● **Stored data**:

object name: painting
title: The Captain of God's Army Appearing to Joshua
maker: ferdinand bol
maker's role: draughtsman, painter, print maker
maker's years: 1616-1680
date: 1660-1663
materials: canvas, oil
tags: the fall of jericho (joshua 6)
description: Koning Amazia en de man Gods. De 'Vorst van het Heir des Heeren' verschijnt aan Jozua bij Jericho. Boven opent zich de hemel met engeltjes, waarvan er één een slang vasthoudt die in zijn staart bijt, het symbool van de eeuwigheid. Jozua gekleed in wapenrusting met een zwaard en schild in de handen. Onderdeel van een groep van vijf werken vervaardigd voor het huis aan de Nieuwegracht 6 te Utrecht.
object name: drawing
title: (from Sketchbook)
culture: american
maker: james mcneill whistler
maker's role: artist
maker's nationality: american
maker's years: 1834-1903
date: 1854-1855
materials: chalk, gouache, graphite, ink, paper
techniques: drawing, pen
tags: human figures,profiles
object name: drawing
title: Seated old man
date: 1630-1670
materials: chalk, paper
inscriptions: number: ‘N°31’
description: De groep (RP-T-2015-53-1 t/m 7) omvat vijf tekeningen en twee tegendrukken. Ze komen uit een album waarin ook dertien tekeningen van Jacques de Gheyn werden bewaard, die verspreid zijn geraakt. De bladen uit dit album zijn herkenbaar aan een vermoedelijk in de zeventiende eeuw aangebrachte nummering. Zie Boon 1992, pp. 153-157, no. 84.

● **Your assignment**:
Using the entries above, give again each line from the one containing "materials: chalk, gouache, graphite, ink, paper" through the last line, exactly and only those.

● **Exercise response**:
materials: chalk, gouache, graphite, ink, paper
techniques: drawing, pen
tags: human figures,profiles
object name: drawing
title: Seated old man
date: 1630-1670
materials: chalk, paper
inscriptions: number: ‘N°31’
description: De groep (RP-T-2015-53-1 t/m 7) omvat vijf tekeningen en twee tegendrukken. Ze komen uit een album waarin ook dertien tekeningen van Jacques de Gheyn werden bewaard, die verspreid zijn geraakt. De bladen uit dit album zijn herkenbaar aan een vermoedelijk in de zeventiende eeuw aangebrachte nummering. Zie Boon 1992, pp. 153-157, no. 84.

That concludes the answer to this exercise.